Segment Start: Data section

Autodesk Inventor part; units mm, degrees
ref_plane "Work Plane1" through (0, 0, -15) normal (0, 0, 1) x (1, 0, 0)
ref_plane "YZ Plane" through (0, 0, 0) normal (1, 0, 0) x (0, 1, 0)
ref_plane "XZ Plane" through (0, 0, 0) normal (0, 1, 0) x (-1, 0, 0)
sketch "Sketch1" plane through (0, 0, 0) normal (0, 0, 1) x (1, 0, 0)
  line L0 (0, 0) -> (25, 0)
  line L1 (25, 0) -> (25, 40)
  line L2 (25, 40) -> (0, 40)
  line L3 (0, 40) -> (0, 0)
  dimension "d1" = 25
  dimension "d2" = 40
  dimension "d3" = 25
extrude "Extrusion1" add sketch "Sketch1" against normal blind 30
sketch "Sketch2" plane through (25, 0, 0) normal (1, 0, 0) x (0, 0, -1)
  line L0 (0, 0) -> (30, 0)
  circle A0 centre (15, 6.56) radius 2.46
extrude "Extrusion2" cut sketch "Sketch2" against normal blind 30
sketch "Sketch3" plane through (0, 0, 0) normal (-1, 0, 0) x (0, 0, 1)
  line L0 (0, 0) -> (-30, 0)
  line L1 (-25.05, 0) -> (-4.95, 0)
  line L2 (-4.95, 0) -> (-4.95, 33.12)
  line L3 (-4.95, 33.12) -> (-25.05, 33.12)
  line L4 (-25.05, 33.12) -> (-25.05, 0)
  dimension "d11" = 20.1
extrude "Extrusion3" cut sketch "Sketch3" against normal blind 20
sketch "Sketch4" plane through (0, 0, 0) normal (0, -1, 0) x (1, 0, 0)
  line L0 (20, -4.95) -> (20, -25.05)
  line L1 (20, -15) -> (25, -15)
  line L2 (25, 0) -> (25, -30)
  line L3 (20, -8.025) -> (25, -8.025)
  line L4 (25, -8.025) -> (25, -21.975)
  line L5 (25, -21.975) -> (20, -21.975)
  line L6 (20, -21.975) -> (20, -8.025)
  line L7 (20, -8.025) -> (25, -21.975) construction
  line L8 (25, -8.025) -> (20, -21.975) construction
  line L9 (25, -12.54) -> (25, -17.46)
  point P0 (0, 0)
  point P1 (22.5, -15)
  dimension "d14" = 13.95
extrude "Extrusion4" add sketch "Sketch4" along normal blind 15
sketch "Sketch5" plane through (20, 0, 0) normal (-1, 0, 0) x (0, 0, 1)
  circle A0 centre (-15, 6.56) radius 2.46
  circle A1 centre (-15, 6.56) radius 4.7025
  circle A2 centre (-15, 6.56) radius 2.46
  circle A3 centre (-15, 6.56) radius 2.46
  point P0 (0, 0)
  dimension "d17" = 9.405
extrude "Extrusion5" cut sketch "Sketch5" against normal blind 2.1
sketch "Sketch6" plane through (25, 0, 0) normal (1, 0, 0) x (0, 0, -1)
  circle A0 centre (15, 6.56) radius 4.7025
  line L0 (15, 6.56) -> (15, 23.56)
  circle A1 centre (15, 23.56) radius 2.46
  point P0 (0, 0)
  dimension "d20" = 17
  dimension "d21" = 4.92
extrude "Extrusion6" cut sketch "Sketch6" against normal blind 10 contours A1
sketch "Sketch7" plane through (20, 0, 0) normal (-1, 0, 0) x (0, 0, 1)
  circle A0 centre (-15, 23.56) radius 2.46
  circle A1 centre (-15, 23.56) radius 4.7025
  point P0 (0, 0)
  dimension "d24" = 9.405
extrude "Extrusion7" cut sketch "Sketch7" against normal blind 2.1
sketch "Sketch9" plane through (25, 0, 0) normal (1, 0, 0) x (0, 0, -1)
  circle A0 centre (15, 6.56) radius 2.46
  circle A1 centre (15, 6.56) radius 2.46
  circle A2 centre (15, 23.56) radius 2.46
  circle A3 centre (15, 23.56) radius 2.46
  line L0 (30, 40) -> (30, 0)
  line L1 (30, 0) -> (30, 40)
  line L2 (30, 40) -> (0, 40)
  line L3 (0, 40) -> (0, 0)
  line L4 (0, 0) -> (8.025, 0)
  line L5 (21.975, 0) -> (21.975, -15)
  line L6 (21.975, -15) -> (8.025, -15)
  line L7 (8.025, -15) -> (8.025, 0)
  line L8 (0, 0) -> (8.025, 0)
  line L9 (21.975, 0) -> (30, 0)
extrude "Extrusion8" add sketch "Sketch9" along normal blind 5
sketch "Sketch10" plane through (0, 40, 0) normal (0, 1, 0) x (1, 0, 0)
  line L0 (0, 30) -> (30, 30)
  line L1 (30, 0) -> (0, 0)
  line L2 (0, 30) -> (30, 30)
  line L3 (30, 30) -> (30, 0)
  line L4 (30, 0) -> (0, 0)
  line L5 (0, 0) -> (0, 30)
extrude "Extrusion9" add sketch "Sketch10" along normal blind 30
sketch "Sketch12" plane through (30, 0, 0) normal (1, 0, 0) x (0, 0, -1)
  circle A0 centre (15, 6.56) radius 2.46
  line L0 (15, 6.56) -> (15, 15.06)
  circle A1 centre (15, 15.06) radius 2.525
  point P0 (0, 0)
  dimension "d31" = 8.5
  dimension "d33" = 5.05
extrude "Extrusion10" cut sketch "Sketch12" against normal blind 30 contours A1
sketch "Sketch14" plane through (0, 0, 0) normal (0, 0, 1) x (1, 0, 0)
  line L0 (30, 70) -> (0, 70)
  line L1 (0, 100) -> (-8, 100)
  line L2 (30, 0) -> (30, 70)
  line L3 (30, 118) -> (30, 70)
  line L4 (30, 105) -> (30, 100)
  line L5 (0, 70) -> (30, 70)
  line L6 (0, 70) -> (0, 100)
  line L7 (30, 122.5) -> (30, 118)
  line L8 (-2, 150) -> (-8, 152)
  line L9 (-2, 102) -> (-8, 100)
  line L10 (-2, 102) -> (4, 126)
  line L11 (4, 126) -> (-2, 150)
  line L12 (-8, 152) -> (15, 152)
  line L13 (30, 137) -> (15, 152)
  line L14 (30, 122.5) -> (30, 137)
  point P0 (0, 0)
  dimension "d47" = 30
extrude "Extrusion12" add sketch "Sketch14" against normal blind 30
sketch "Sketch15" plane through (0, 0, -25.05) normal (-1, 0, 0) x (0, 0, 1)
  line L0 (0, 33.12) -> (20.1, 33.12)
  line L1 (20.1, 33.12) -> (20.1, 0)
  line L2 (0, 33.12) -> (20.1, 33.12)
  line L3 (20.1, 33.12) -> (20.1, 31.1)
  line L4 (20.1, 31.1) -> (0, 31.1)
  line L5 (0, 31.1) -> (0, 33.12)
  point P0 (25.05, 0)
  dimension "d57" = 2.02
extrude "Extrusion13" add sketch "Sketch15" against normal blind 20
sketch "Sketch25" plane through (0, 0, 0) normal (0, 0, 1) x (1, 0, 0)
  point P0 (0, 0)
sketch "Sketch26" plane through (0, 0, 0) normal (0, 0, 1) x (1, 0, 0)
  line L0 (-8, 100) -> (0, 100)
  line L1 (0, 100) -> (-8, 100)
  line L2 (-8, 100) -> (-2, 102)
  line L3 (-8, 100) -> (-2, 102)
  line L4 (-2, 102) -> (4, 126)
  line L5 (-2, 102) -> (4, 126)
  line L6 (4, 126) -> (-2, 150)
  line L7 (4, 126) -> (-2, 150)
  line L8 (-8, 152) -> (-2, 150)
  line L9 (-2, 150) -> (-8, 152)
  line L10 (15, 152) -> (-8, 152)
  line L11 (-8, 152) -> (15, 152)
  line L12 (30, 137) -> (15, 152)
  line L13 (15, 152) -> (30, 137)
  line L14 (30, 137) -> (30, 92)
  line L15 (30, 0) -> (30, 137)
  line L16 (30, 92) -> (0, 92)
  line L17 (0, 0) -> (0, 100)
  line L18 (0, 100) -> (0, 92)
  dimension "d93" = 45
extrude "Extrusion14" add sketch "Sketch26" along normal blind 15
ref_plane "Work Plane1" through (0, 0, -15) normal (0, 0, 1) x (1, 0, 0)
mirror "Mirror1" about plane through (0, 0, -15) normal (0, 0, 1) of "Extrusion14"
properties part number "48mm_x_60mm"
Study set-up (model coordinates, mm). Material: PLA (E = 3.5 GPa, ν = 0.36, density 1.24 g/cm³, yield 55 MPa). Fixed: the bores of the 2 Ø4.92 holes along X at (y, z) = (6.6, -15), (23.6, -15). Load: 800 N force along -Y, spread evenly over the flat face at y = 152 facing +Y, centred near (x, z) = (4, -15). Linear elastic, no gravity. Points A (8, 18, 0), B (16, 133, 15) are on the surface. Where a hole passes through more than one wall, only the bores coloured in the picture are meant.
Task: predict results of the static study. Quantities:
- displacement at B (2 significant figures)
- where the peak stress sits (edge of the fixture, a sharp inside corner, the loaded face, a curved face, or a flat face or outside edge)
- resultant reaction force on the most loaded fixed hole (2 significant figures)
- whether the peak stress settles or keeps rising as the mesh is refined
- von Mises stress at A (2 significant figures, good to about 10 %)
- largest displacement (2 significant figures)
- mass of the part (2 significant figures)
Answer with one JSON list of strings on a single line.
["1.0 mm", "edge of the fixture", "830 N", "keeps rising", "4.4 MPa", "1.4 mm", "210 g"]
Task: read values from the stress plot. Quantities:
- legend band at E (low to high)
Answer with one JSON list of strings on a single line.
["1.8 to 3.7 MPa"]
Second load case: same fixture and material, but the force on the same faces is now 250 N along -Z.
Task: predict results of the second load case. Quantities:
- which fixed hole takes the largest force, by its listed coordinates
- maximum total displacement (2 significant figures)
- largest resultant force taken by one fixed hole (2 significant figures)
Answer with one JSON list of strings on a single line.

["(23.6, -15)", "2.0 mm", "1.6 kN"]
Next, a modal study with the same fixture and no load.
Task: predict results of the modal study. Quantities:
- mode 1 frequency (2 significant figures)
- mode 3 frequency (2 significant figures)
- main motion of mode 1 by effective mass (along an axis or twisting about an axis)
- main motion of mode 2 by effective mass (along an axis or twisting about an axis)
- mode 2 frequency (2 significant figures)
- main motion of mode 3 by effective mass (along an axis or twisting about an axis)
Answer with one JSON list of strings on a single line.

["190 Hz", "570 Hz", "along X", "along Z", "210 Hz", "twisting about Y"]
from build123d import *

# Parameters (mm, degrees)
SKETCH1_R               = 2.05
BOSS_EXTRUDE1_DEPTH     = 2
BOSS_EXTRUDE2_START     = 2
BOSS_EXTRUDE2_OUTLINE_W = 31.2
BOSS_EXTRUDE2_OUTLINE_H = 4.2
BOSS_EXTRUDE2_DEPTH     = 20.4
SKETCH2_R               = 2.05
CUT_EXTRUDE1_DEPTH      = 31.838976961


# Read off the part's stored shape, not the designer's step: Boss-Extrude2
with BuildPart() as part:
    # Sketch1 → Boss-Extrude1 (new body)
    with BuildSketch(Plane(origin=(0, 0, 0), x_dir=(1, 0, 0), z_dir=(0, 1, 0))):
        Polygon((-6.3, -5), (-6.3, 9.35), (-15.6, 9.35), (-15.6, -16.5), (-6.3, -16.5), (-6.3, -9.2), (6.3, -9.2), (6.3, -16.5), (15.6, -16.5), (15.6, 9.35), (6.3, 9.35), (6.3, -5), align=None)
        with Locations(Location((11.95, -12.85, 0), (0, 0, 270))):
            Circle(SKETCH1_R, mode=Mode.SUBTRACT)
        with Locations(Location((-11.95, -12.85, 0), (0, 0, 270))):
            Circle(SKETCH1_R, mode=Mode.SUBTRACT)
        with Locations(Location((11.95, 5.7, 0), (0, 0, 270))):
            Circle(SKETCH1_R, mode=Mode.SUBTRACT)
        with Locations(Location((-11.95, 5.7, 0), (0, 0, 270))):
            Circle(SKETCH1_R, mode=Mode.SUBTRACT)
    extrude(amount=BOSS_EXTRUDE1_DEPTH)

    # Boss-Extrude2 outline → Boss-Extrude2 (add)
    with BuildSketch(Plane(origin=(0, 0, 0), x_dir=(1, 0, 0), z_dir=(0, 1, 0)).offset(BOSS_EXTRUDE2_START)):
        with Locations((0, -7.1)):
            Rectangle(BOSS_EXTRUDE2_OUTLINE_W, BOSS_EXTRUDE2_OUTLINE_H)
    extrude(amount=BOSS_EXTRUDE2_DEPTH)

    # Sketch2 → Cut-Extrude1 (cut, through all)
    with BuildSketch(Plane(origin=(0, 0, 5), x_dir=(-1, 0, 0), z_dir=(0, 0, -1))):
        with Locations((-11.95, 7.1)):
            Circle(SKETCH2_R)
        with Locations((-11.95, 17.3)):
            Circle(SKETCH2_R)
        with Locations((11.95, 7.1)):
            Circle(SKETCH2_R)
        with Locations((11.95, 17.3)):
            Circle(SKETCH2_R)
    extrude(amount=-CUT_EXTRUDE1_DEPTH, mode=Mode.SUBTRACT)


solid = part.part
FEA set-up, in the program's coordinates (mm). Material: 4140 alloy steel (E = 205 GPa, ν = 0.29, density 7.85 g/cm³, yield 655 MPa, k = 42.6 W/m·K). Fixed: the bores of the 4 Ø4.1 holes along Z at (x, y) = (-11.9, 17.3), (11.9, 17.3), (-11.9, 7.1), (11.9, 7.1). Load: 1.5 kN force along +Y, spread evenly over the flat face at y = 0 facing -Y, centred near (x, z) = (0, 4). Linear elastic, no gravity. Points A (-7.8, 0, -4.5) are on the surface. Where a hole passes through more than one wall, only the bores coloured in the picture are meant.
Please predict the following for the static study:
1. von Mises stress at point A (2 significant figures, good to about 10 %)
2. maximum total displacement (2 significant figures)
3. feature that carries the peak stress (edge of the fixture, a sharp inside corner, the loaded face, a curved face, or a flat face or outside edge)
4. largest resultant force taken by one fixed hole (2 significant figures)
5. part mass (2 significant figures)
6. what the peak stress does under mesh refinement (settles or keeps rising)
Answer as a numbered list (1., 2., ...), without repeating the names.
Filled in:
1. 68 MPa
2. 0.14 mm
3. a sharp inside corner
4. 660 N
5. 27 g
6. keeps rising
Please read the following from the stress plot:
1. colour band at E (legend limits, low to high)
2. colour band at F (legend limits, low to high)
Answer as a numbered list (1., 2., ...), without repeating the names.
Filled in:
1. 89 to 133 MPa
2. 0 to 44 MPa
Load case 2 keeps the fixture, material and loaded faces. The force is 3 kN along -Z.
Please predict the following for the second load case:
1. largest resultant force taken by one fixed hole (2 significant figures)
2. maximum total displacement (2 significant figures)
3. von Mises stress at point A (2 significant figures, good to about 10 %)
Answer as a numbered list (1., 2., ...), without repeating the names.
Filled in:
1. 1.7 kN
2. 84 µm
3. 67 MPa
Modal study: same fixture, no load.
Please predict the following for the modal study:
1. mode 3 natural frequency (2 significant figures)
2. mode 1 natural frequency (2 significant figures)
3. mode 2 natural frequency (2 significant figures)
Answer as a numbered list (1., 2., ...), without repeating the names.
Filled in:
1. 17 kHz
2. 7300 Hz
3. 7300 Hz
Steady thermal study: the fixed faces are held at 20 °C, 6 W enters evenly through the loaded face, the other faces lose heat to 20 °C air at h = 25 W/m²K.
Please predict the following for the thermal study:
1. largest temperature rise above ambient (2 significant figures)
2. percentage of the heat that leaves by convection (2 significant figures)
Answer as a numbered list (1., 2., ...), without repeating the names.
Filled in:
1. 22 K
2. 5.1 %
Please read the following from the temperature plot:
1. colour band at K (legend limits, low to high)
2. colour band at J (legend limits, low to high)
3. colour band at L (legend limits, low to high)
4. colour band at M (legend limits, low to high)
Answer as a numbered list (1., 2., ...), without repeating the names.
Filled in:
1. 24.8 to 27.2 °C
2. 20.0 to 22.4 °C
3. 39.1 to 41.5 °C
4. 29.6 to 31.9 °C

Segment End: Data section

In the entries above, find the line with "line L0 (30, 40) -> (30, 0)" and the line with "line L8 (0, 0) -> (8.025, 0)", then set down exactly those two and every line between them, nothing else.

  line L0 (30, 40) -> (30, 0)
  line L1 (30, 0) -> (30, 40)
  line L2 (30, 40) -> (0, 40)
  line L3 (0, 40) -> (0, 0)
  line L4 (0, 0) -> (8.025, 0)
  line L5 (21.975, 0) -> (21.975, -15)
  line L6 (21.975, -15) -> (8.025, -15)
  line L7 (8.025, -15) -> (8.025, 0)
  line L8 (0, 0) -> (8.025, 0)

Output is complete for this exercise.